*** Opening Records to use ***

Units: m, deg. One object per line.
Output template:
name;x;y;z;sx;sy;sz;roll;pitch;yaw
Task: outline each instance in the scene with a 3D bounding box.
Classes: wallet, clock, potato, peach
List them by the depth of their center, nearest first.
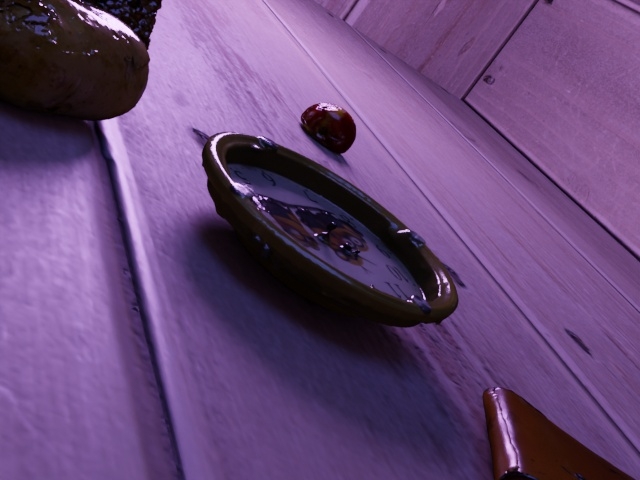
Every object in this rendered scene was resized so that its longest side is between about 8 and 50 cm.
wallet;0.194;0.188;0.654;0.195;0.042;0.161;34;11;-1
potato;-0.193;-0.138;0.694;0.107;0.080;0.170;57;20;20
clock;0.000;0.000;0.749;0.237;0.057;0.237;32;17;-11
peach;0.015;-0.152;1.243;0.077;0.050;0.083;38;11;0

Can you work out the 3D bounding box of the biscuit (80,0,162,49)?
biscuit;-0.206;-0.316;0.992;0.131;0.230;0.025;25;-23;-36

*** Closing Records to use ***

Your instructions
Please make an exact copy of the lines above from the line with "name;x;y;z;sx;sy;sz;roll;pitch;yaw" through the line with "List them by", both ends included.

Answer to this exercise
name;x;y;z;sx;sy;sz;roll;pitch;yaw
Task: outline each instance in the scene with a 3D bounding box.
Classes: wallet, clock, potato, peach
List them by the depth of their center, nearest first.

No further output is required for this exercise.